■ WORK ITEM
From the records below, print only the part that opens with the line containing "You are a helpful" and closes with the line containing "For example (dummy"; omit the pictures.

[Data excerpts]
_____
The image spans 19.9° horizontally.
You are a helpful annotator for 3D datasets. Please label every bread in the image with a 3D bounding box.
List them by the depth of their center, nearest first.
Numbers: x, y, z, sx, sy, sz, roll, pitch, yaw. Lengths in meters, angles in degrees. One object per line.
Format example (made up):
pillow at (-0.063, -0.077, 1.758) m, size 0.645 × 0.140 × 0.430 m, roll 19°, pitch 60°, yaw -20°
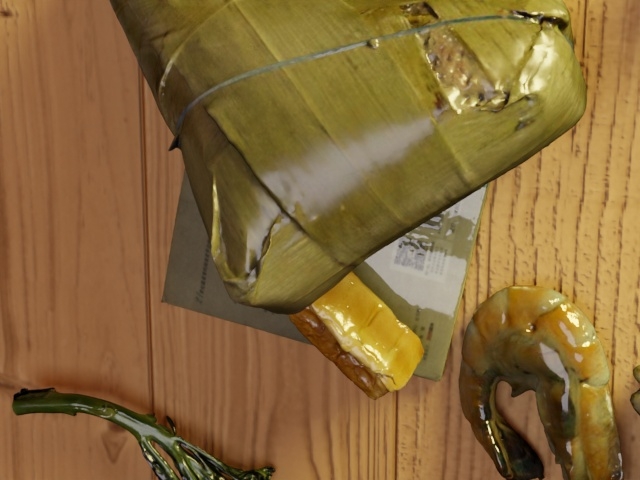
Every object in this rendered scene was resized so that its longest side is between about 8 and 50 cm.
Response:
bread at (0.031, 0.080, 1.639) m, size 0.132 × 0.074 × 0.053 m, roll 47°, pitch 134°, yaw -2°

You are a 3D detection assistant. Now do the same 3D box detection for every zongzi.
zongzi at (0.013, -0.178, 1.559) m, size 0.356 × 0.174 × 0.393 m, roll -30°, pitch 66°, yaw 8°

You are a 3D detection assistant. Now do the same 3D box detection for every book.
book at (0.000, 0.000, 1.674) m, size 0.283 × 0.025 × 0.214 m, roll 18°, pitch 112°, yaw 12°

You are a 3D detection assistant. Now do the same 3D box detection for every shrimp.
shrimp at (0.195, 0.164, 1.644) m, size 0.145 × 0.059 × 0.254 m, roll -5°, pitch 106°, yaw 23°

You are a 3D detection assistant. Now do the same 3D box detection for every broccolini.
broccolini at (-0.185, 0.226, 1.796) m, size 0.271 × 0.062 × 0.123 m, roll 23°, pitch 99°, yaw 4°

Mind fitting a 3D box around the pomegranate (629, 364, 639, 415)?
pomegranate at (0.365, 0.149, 1.522) m, size 0.248 × 0.202 × 0.202 m, roll 16°, pitch 116°, yaw 45°
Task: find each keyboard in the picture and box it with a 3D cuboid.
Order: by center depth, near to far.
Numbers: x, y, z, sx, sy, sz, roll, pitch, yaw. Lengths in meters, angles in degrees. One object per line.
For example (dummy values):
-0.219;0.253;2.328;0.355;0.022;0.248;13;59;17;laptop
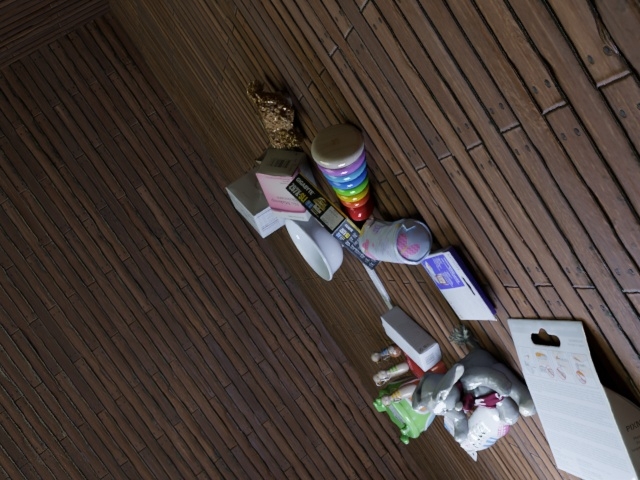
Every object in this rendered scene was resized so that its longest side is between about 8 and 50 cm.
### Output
0.217;0.169;2.224;0.256;0.014;0.072;59;166;-17;keyboard

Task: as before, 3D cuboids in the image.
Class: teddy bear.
-0.142;-0.405;1.925;0.245;0.113;0.338;58;176;18;teddy bear

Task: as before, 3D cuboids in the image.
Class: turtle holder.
0.381;0.700;2.485;0.243;0.227;0.320;40;161;46;turtle holder

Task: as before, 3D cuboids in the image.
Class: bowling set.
0.264;0.490;2.380;0.287;0.154;0.199;-109;-5;-56;bowling set

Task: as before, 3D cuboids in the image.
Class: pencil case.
0.202;-0.003;1.638;0.273;0.114;0.124;-169;74;-72;pencil case

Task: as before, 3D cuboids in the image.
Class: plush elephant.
0.404;0.433;1.676;0.330;0.255;0.272;52;167;13;plush elephant

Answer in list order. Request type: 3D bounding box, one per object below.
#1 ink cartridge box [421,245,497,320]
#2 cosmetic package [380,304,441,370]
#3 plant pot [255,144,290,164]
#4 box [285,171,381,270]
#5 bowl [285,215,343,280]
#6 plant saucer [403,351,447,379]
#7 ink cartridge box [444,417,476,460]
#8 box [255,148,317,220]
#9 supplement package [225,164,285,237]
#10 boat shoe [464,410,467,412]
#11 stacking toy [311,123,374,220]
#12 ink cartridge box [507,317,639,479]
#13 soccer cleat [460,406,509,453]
0.357;0.111;1.510;0.206;0.045;0.208;55;168;-1;ink cartridge box
0.325;0.350;2.139;0.231;0.086;0.117;45;164;43;cosmetic package
-0.160;-0.299;2.218;0.096;0.109;0.109;47;171;-24;plant pot
0.052;-0.057;1.898;0.257;0.079;0.322;44;-178;35;box
0.000;0.000;2.308;0.298;0.134;0.298;51;166;18;bowl
0.403;0.489;2.286;0.258;0.048;0.259;39;159;49;plant saucer
0.572;0.768;2.344;0.180;0.060;0.104;46;164;35;ink cartridge box
-0.113;-0.195;2.118;0.149;0.126;0.232;9;144;23;box
-0.251;-0.177;2.604;0.262;0.204;0.145;44;162;39;supplement package
0.453;0.560;2.046;0.156;0.136;0.367;49;155;4;boat shoe
0.078;-0.164;1.650;0.141;0.141;0.330;46;168;34;stacking toy
0.578;0.345;1.308;0.308;0.091;0.384;148;104;-77;ink cartridge box
0.533;0.628;1.954;0.116;0.143;0.331;48;165;30;soccer cleat
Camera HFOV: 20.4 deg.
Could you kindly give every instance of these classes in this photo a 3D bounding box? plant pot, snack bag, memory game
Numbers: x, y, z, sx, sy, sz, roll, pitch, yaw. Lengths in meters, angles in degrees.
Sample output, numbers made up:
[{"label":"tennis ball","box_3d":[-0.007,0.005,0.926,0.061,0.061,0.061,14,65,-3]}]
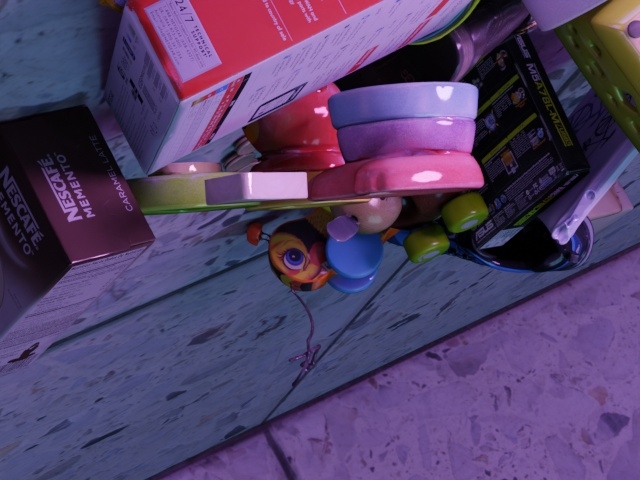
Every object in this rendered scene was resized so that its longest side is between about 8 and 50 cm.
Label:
[{"label":"plant pot","box_3d":[0.388,-0.205,1.779,0.227,0.228,0.207,-37,-171,4]},{"label":"snack bag","box_3d":[0.354,-0.148,2.062,0.323,0.037,0.342,-50,-172,7]},{"label":"memory game","box_3d":[-0.022,-0.117,1.894,0.186,0.012,0.186,-28,167,-7]}]

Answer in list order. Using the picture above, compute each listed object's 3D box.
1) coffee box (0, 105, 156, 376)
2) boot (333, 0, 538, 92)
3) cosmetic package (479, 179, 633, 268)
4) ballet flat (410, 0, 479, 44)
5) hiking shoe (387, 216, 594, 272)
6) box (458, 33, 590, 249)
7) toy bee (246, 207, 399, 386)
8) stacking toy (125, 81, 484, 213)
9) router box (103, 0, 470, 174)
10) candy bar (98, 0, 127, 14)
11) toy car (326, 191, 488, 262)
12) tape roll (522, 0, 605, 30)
[{"label":"coffee box","box_3d":[-0.267,0.010,1.555,0.098,0.141,0.246,-16,161,-45]},{"label":"boot","box_3d":[0.140,-0.191,1.781,0.229,0.091,0.263,-34,-178,-39]},{"label":"cosmetic package","box_3d":[0.294,-0.068,2.462,0.113,0.160,0.309,-38,166,31]},{"label":"ballet flat","box_3d":[0.132,-0.252,1.570,0.077,0.077,0.231,-35,172,-36]},{"label":"hiking shoe","box_3d":[0.191,-0.026,2.252,0.304,0.113,0.132,7,-173,19]},{"label":"box","box_3d":[0.204,-0.112,2.017,0.045,0.184,0.191,-8,157,-34]},{"label":"toy bee","box_3d":[0.000,0.000,2.167,0.298,0.162,0.195,-51,173,-35]},{"label":"stacking toy","box_3d":[-0.026,-0.097,1.567,0.279,0.130,0.309,-3,179,-35]},{"label":"router box","box_3d":[-0.011,-0.174,1.378,0.301,0.082,0.335,-28,179,-12]},{"label":"candy bar","box_3d":[-0.126,-0.181,1.384,0.040,0.018,0.161,-31,168,14]},{"label":"toy car","box_3d":[0.067,-0.060,2.014,0.188,0.155,0.149,-10,158,-40]},{"label":"tape roll","box_3d":[0.335,-0.311,1.533,0.392,0.072,0.392,-32,-176,3]}]
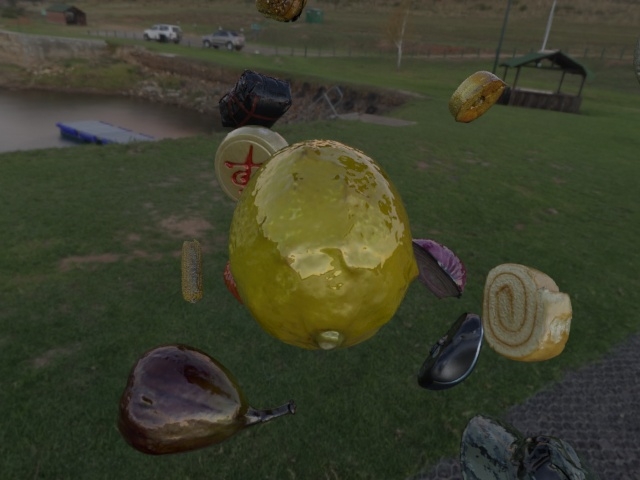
_____
■ REPLY TO THE EXERCISE
You are a helpful annotator for 3D datasets. Please label every bread in the image with a 3D bounding box.
List them by the depth of their center, nearest first.
Numbers: x, y, z, sx, sy, sz, roll, pitch, yaw. Lengths in meters, angles in degrees. One object per line.
Format example (made up):
pillow at (-0.063, -0.077, 1.758) m, size 0.645 × 0.140 × 0.430 m, roll 19°, pitch 60°, yaw -20°
Every object in this rendered scene was resized so that its longest side is between about 8 and 50 cm.
Response:
bread at (0.031, 0.080, 1.639) m, size 0.132 × 0.074 × 0.053 m, roll 47°, pitch 134°, yaw -2°

You are a 3D detection assistant. Now do the same 3D box detection for every zongzi.
zongzi at (0.013, -0.178, 1.559) m, size 0.356 × 0.174 × 0.393 m, roll -30°, pitch 66°, yaw 8°

You are a 3D detection assistant. Now do the same 3D box detection for every book.
book at (0.000, 0.000, 1.674) m, size 0.283 × 0.025 × 0.214 m, roll 18°, pitch 112°, yaw 12°

You are a 3D detection assistant. Now do the same 3D box detection for every shrimp.
shrimp at (0.195, 0.164, 1.644) m, size 0.145 × 0.059 × 0.254 m, roll -5°, pitch 106°, yaw 23°

You are a 3D detection assistant. Now do the same 3D box detection for every broccolini.
broccolini at (-0.185, 0.226, 1.796) m, size 0.271 × 0.062 × 0.123 m, roll 23°, pitch 99°, yaw 4°

Mind fitting a 3D box around the pomegranate (629, 364, 639, 415)?
pomegranate at (0.365, 0.149, 1.522) m, size 0.248 × 0.202 × 0.202 m, roll 16°, pitch 116°, yaw 45°
Task: find each keyboard in the picture and box it with a 3D cuboid.
Order: by center depth, near to far.
Numbers: x, y, z, sx, sy, sz, roll, pitch, yaw. Lengths in meters, angles in degrees. One object per line.
For example (dummy values):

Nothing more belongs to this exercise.